### Problem details
Each record should be returned exactly as it is written.

### Data provided
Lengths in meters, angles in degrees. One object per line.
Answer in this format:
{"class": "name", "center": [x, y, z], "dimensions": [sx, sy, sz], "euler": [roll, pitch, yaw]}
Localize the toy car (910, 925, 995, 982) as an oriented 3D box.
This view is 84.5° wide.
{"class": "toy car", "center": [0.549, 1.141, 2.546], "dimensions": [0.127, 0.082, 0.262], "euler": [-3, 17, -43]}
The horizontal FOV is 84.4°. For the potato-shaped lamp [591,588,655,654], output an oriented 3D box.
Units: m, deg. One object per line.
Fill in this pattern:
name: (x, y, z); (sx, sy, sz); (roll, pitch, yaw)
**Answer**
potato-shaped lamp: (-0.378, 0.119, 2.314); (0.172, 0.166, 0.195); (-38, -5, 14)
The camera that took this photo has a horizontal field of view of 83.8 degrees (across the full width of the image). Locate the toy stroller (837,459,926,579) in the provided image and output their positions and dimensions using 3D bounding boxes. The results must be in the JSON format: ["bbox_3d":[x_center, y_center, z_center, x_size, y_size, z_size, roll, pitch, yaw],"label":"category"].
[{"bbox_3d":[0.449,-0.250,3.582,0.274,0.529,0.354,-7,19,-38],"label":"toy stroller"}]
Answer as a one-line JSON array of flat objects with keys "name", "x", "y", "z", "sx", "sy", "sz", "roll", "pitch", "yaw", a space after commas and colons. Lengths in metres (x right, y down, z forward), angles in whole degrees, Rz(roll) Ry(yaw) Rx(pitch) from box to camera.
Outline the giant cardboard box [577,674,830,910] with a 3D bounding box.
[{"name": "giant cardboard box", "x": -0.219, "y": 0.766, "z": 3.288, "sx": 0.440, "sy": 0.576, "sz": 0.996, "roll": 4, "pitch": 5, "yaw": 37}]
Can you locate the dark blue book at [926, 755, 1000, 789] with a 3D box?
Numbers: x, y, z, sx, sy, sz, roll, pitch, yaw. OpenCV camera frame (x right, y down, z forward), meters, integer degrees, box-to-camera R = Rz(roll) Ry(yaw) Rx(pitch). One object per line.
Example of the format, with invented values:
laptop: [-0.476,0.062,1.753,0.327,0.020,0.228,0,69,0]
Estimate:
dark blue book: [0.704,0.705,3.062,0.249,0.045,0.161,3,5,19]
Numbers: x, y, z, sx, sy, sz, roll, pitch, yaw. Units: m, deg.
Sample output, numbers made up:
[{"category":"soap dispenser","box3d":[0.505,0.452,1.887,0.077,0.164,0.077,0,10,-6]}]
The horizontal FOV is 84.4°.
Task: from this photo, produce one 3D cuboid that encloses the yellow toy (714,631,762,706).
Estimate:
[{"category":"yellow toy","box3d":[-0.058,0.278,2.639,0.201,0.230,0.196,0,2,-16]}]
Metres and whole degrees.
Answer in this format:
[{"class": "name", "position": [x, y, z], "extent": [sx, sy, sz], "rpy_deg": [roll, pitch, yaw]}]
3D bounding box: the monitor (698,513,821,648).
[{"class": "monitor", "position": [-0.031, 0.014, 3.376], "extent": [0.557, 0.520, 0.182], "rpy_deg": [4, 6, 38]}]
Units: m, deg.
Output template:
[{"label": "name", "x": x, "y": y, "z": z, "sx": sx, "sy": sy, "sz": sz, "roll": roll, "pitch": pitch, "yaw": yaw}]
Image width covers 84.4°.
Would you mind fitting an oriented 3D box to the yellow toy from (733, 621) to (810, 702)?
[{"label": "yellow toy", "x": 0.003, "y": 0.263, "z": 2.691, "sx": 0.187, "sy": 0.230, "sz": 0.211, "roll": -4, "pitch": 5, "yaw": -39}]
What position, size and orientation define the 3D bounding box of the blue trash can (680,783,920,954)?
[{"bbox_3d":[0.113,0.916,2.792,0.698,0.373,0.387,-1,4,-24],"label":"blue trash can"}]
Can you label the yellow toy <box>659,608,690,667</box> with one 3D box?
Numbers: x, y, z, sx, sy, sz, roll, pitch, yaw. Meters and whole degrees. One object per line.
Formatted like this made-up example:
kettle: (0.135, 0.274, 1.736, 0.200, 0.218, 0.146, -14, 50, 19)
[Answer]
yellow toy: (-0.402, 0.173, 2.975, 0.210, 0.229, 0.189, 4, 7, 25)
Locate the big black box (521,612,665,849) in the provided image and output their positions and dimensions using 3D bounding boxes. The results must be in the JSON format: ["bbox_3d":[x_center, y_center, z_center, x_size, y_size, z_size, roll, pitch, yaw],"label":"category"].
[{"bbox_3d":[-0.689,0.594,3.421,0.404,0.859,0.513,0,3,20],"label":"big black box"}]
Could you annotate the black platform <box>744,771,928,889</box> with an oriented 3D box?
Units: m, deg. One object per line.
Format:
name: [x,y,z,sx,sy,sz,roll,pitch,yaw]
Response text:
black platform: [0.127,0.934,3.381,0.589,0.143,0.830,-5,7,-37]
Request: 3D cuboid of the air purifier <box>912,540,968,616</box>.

### Written reply
Lengths in meters, angles in degrees. One object per line.
Answer in this format:
{"class": "name", "center": [x, y, z], "dimensions": [sx, sy, sz], "euler": [roll, pitch, yaw]}
Localize the toy car (910, 925, 995, 982) as an oriented 3D box.
This view is 84.5° wide.
{"class": "toy car", "center": [0.549, 1.141, 2.546], "dimensions": [0.127, 0.082, 0.262], "euler": [-3, 17, -43]}
The horizontal FOV is 84.4°. For the potato-shaped lamp [591,588,655,654], output an oriented 3D box.
Units: m, deg. One object per line.
Fill in this pattern:
name: (x, y, z); (sx, sy, sz); (roll, pitch, yaw)
**Answer**
potato-shaped lamp: (-0.378, 0.119, 2.314); (0.172, 0.166, 0.195); (-38, -5, 14)
The camera that took this photo has a horizontal field of view of 83.8 degrees (across the full width of the image). Locate the toy stroller (837,459,926,579) in the provided image and output their positions and dimensions using 3D bounding boxes. The results must be in the JSON format: ["bbox_3d":[x_center, y_center, z_center, x_size, y_size, z_size, roll, pitch, yaw],"label":"category"].
[{"bbox_3d":[0.449,-0.250,3.582,0.274,0.529,0.354,-7,19,-38],"label":"toy stroller"}]
Answer as a one-line JSON array of flat objects with keys "name", "x", "y", "z", "sx", "sy", "sz", "roll", "pitch", "yaw", a space after commas and colons. Lengths in metres (x right, y down, z forward), angles in whole degrees, Rz(roll) Ry(yaw) Rx(pitch) from box to camera.
Outline the giant cardboard box [577,674,830,910] with a 3D bounding box.
[{"name": "giant cardboard box", "x": -0.219, "y": 0.766, "z": 3.288, "sx": 0.440, "sy": 0.576, "sz": 0.996, "roll": 4, "pitch": 5, "yaw": 37}]
Can you locate the dark blue book at [926, 755, 1000, 789] with a 3D box?
Numbers: x, y, z, sx, sy, sz, roll, pitch, yaw. OpenCV camera frame (x right, y down, z forward), meters, integer degrees, box-to-camera R = Rz(roll) Ry(yaw) Rx(pitch). One object per line.
Example of the format, with invented values:
laptop: [-0.476,0.062,1.753,0.327,0.020,0.228,0,69,0]
Estimate:
dark blue book: [0.704,0.705,3.062,0.249,0.045,0.161,3,5,19]
Numbers: x, y, z, sx, sy, sz, roll, pitch, yaw. Units: m, deg.
Sample output, numbers made up:
[{"category":"soap dispenser","box3d":[0.505,0.452,1.887,0.077,0.164,0.077,0,10,-6]}]
The horizontal FOV is 84.4°.
Task: from this photo, produce one 3D cuboid that encloses the yellow toy (714,631,762,706).
Estimate:
[{"category":"yellow toy","box3d":[-0.058,0.278,2.639,0.201,0.230,0.196,0,2,-16]}]
Metres and whole degrees.
Answer in this format:
[{"class": "name", "position": [x, y, z], "extent": [sx, sy, sz], "rpy_deg": [roll, pitch, yaw]}]
3D bounding box: the monitor (698,513,821,648).
[{"class": "monitor", "position": [-0.031, 0.014, 3.376], "extent": [0.557, 0.520, 0.182], "rpy_deg": [4, 6, 38]}]
Units: m, deg.
Output template:
[{"label": "name", "x": x, "y": y, "z": z, "sx": sx, "sy": sy, "sz": sz, "roll": roll, "pitch": pitch, "yaw": yaw}]
Image width covers 84.4°.
Would you mind fitting an oriented 3D box to the yellow toy from (733, 621) to (810, 702)?
[{"label": "yellow toy", "x": 0.003, "y": 0.263, "z": 2.691, "sx": 0.187, "sy": 0.230, "sz": 0.211, "roll": -4, "pitch": 5, "yaw": -39}]
What position, size and orientation define the 3D bounding box of the blue trash can (680,783,920,954)?
[{"bbox_3d":[0.113,0.916,2.792,0.698,0.373,0.387,-1,4,-24],"label":"blue trash can"}]
Can you label the yellow toy <box>659,608,690,667</box> with one 3D box?
Numbers: x, y, z, sx, sy, sz, roll, pitch, yaw. Meters and whole degrees. One object per line.
Formatted like this made-up example:
kettle: (0.135, 0.274, 1.736, 0.200, 0.218, 0.146, -14, 50, 19)
[Answer]
yellow toy: (-0.402, 0.173, 2.975, 0.210, 0.229, 0.189, 4, 7, 25)
Locate the big black box (521,612,665,849) in the provided image and output their positions and dimensions using 3D bounding boxes. The results must be in the JSON format: ["bbox_3d":[x_center, y_center, z_center, x_size, y_size, z_size, roll, pitch, yaw],"label":"category"].
[{"bbox_3d":[-0.689,0.594,3.421,0.404,0.859,0.513,0,3,20],"label":"big black box"}]
Could you annotate the black platform <box>744,771,928,889</box> with an oriented 3D box?
Units: m, deg. One object per line.
Format:
name: [x,y,z,sx,sy,sz,roll,pitch,yaw]
Response text:
black platform: [0.127,0.934,3.381,0.589,0.143,0.830,-5,7,-37]
Request: 3D cuboid of the air purifier <box>912,540,968,616</box>.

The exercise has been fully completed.